The sniffer borrows your first bytes, then puts them back
Sniffing is a destructive read made non-destructive by a cache. The dispatcher wraps the uplink pipe’s reader in a cachedReader and calls Cache under a 200 ms budget that each attempt’s elapsed time is deducted from — this pulls real client data out of the pipe and stashes it. The sniffer then pattern-matches HTTP, TLS, and BitTorrent against those bytes (sniffer.go; QUIC and uTP sniffers exist too, but only run for UDP flows). It gives up after two “no clue” attempts or when the budget runs out (errSniffingTimeout) — a sniffer that answers “need more data” doesn’t burn an attempt. Either way, cachedReader.ReadMultiBuffer re-serves the cached bytes first, so the outbound sees a byte-identical stream.
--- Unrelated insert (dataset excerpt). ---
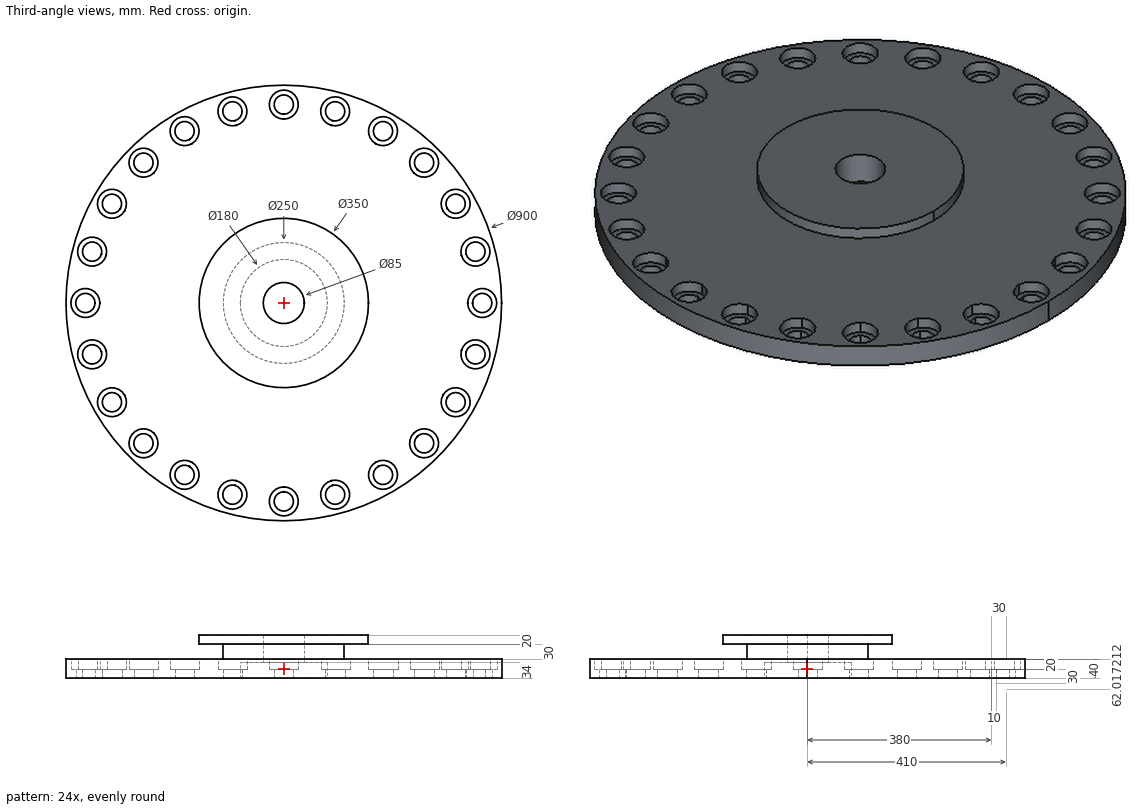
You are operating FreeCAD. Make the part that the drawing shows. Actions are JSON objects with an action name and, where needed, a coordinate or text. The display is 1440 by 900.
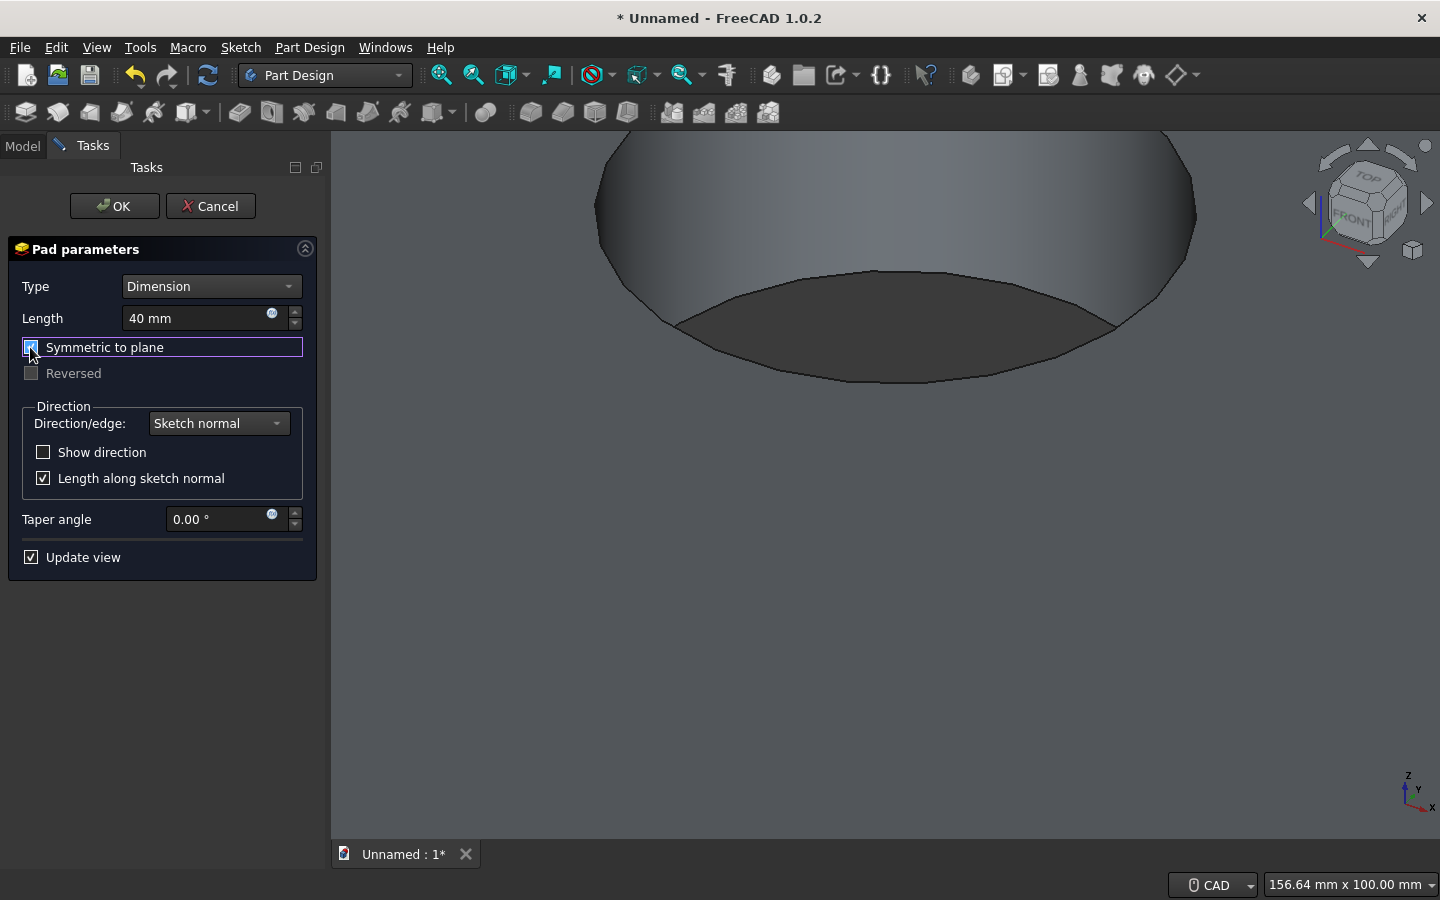
{"action": "left_click", "coordinate": [115, 206]}
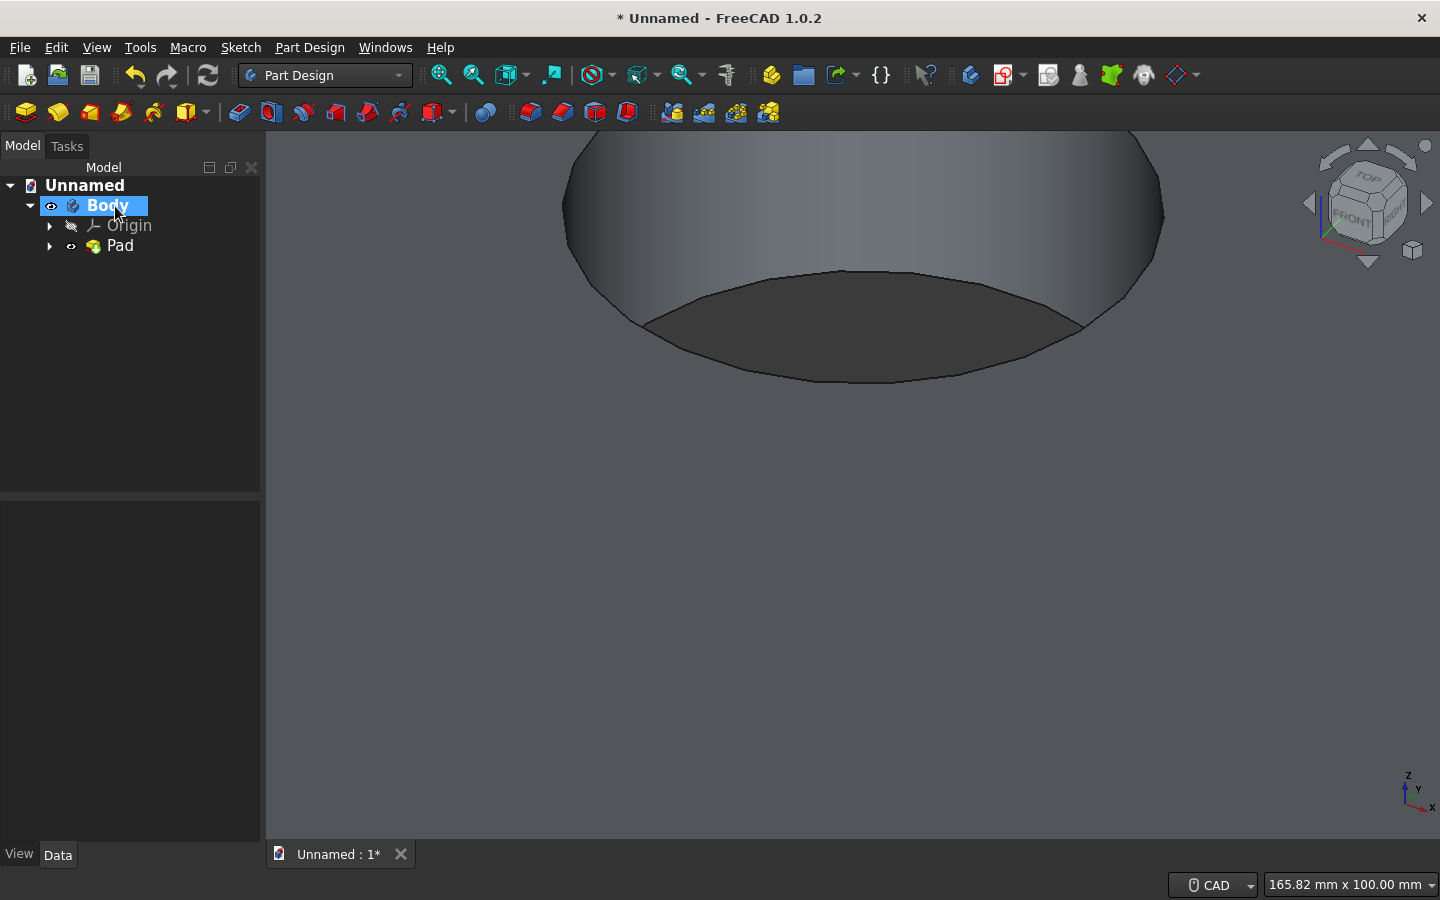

If a domain is sniffed and destOverride matches, destination.Address is rewritten from the IP your app dialed to the sniffed domain — this is why domain routing rules work even when the app resolved DNS itself. With routeOnly, the domain goes into ob.RouteTarget instead, influencing routing without changing what gets dialed.
Routing picks a handler, not an address
The router’s output is an outbound tag; the destination never changes here. routedDispatch checks a forced tag first, then router.PickRoute, then falls back to the default (first) outbound. One sharp edge from the source: if a rule names an outbound tag that doesn’t exist, the connection is killed rather than falling back — the code carries a DO NOT CHANGE comment because VLESS reverse proxies register their tags late. The chosen handler gets handler.Dispatch(ctx, link) with the outbound half of the link, resolves the target domain per its own strategy, and dials — freedom retries with retry.ExponentialBackoff(5, 100) before giving up.
Steady state is four copy loops meeting at two pipes
A proxied connection is not one io.Copy — it’s two independent copy pairs joined by pipes. The inbound proxy runs task.Run with two loops: client conn → uplink pipe, and downlink pipe → client conn. The outbound proxy (see freedom.Process) runs its own pair: uplink pipe → remote conn, and remote conn → downlink pipe. Each pair has its own inactivity timer, and when the uplink finishes cleanly, task.OnSuccess(..., task.Close(link.Writer)) closes the pipe so EOF propagates to the far side. (DispatchLink inbounds skip their half — the outbound’s pair reads and writes the client connection directly.)
The pipe itself is built for this: ReadMultiBuffer hands over the entire buffered MultiBuffer by ownership transfer — it sets p.data = nil and returns the old slice, no memcpy. Writers get backpressure for free: when the buffer exceeds its limit, WriteMultiBuffer blocks on writeSignal until a reader drains it, so a slow far server automatically throttles a fast client.
When either side errors, common.Interrupt on the pipe discards buffered data and unblocks both ends; a clean close drains remaining data first, then returns io.EOF. That distinction — interrupt versus close — is exactly the difference between a reset connection and a graceful shutdown reaching your app.